Contexte. L’amylose est une précipitation extracellulaire de matériel hyalin éosinophile d’origine propre avec des caractéristiques de coloration particulières et une ultrastructure fibrillaire. L’amylose maculaire est limitée à la peau, et plusieurs facteurs ont été proposés pour sa pathogenèse. La détection de l’ADN du virus Epstein-Barr (EBV) dans cette lésion suggère que ce virus peut jouer un rôle dans la pathogenèse de cette maladie. Objectif. La détection de l’ADN de l’EBV a été effectuée sur 30 échantillons de peau avec un diagnostic d’amyloïdose maculaire et 31 échantillons de peau saine dans la marge de naevus mélanocytaires enlevés en utilisant la PCR. Résultats. Chez les patients positifs pour le gène de la bêta-globine dans la PCR, le gène BLLF1 du virus EBV était positif chez 23 patients (8 patients dans le cas et 15 patients dans le groupe témoin). Il n’y avait pas de différence significative dans la présence de l’ADN EBV entre les groupes amyloïdose maculaire (3,8 %) et contrôle (23,8 %) (). Conclusion. Les résultats de cette étude ont montré que l’EBV n’est pas impliqué dans la pathogenèse de l’amyloïdose maculaire.

1. Introduction

L’amylose est le dépôt extracellulaire d’un groupe de protéines fibreuses. Il existe une variété d’approches pour la classification de l’amylose, mais la méthode la plus simple est la division en types systémiques et spécifiques aux organes (localisés).
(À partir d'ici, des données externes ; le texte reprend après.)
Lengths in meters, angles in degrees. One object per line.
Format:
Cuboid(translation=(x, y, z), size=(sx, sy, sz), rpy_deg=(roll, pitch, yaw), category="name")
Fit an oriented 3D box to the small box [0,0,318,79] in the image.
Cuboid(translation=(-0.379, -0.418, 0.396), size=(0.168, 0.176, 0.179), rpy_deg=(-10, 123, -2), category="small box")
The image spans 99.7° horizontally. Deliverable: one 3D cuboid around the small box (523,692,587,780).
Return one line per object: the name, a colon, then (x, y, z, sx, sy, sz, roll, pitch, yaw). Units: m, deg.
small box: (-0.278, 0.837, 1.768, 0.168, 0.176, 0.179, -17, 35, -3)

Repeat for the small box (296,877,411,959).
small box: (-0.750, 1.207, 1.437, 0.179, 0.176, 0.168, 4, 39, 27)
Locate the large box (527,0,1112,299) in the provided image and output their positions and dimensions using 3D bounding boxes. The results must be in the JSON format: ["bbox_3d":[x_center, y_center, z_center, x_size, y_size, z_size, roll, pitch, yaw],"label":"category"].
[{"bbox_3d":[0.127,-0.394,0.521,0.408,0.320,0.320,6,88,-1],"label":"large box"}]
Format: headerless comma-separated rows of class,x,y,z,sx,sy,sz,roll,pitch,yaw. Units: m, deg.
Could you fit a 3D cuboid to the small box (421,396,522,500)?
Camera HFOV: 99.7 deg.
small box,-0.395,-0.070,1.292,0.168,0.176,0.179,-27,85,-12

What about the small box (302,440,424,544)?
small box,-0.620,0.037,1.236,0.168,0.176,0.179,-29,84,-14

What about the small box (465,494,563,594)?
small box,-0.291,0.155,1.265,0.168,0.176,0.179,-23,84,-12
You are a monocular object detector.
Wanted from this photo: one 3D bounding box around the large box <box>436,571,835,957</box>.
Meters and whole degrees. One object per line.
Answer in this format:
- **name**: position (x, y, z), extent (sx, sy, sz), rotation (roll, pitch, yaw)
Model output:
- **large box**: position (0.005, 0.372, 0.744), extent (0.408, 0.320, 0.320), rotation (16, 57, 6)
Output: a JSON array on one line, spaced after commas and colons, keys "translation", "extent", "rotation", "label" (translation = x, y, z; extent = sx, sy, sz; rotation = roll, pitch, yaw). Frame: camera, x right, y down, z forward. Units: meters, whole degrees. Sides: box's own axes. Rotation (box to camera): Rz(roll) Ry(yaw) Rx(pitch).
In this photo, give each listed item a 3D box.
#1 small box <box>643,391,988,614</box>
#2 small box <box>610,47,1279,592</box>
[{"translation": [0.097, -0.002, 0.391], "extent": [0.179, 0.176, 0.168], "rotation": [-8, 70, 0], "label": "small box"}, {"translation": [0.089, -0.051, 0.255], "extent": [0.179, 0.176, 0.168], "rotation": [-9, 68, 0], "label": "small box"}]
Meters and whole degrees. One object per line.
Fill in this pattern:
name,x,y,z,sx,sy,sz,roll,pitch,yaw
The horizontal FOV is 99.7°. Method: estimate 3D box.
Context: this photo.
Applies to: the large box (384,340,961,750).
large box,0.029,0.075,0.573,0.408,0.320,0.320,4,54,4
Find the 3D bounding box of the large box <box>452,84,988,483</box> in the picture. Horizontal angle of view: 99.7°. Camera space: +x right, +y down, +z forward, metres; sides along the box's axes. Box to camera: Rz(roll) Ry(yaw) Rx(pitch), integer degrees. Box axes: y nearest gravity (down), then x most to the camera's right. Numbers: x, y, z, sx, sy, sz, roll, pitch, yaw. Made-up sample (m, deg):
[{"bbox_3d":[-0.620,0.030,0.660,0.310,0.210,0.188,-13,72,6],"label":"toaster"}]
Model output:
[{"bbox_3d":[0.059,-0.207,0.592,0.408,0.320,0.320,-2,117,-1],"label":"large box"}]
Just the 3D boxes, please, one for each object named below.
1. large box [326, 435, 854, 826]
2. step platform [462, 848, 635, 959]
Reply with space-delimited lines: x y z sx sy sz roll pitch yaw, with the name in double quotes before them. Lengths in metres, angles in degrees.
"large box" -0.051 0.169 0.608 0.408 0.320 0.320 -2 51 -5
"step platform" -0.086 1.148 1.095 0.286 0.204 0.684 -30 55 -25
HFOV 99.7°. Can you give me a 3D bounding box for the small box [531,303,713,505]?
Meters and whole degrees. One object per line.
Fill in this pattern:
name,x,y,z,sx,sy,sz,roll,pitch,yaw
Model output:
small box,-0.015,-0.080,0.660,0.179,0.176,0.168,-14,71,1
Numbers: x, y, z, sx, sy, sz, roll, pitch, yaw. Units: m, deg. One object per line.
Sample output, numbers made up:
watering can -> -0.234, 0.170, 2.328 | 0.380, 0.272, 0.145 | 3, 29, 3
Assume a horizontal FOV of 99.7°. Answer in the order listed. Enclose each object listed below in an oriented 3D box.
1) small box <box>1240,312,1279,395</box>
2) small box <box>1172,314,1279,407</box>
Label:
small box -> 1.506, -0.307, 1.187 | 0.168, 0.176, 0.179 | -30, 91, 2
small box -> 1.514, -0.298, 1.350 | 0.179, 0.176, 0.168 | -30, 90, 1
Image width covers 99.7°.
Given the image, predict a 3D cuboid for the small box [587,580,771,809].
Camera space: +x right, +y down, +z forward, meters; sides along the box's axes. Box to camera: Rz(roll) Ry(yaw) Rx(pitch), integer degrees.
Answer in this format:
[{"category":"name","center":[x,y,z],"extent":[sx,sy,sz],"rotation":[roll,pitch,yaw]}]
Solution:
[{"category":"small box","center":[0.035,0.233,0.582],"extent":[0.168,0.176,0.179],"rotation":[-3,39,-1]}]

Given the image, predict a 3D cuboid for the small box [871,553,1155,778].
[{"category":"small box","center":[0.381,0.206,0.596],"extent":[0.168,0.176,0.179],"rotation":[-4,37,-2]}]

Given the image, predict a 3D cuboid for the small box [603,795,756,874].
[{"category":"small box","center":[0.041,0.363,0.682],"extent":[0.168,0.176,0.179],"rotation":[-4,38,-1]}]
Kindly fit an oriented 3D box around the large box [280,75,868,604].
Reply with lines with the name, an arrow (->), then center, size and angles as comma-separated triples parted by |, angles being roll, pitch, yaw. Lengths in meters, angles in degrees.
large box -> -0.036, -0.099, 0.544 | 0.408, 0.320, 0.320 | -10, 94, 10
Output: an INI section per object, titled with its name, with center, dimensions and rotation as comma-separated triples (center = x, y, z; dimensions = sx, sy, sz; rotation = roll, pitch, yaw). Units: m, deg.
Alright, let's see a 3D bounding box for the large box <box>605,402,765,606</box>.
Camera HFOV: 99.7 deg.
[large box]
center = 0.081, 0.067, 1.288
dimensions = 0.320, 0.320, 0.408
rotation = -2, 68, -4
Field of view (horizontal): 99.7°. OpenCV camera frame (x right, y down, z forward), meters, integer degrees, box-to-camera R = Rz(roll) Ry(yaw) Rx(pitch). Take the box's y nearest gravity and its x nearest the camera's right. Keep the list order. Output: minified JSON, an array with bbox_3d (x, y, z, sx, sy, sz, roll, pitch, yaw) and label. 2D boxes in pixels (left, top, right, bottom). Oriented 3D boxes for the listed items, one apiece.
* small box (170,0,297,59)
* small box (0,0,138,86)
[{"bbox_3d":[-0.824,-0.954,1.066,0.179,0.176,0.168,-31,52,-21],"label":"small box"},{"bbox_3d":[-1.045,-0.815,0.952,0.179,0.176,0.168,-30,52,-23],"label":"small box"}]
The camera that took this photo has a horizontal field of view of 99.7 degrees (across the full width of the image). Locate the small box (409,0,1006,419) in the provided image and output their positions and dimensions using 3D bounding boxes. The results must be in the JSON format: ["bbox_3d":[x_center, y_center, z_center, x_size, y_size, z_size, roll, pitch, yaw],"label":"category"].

La peau est un tissu impliqué dans les deux types. L’amylose cutanée localisée est de deux types : (i) kératinique, qui peut être primaire ou secondaire, et (ii) nodulaire. Le type secondaire est secondaire à d’autres lésions cutanées telles que les tumeurs cutanées, les troubles inflammatoires de la peau et la photothérapie. Deux types d’amyloïdose kératosique ont été identifiés : l’amyloïdose maculaire et l’amyloïdose lichénique, cette dernière étant plus fréquente. Dans l’amylose kératosique, les dépôts de kératine provenant des kératinocytes basaux sont principalement positifs à la CK5. Le type kératosique est surtout observé en Asie du Sud-Est, en Amérique du Sud et en Chine. Il existe des formes familiales (10 %) et sporadiques, ces dernières étant plus fréquentes chez les femmes. Les sites d’atteinte les plus fréquents sont le haut du dos (zone interscapulaire) et les extrémités (tibias et bras), bien qu’ils aient également été décrits sur le visage, le tronc et les cuisses . Les lésions d’amylose maculaire apparaissent généralement sous la forme de taches hyperpigmentées aux marges indéfinies composées de macules brun grisâtre, ayant souvent un aspect réticulé ou ondulé (Figure 1). Les démangeaisons sont un symptôme fréquent avant l’apparition de l’amylose .

Figure 1
Tache hyperpigmentée composée de petites macules brunes d’aspect ondulé ou réticulé sur le bras.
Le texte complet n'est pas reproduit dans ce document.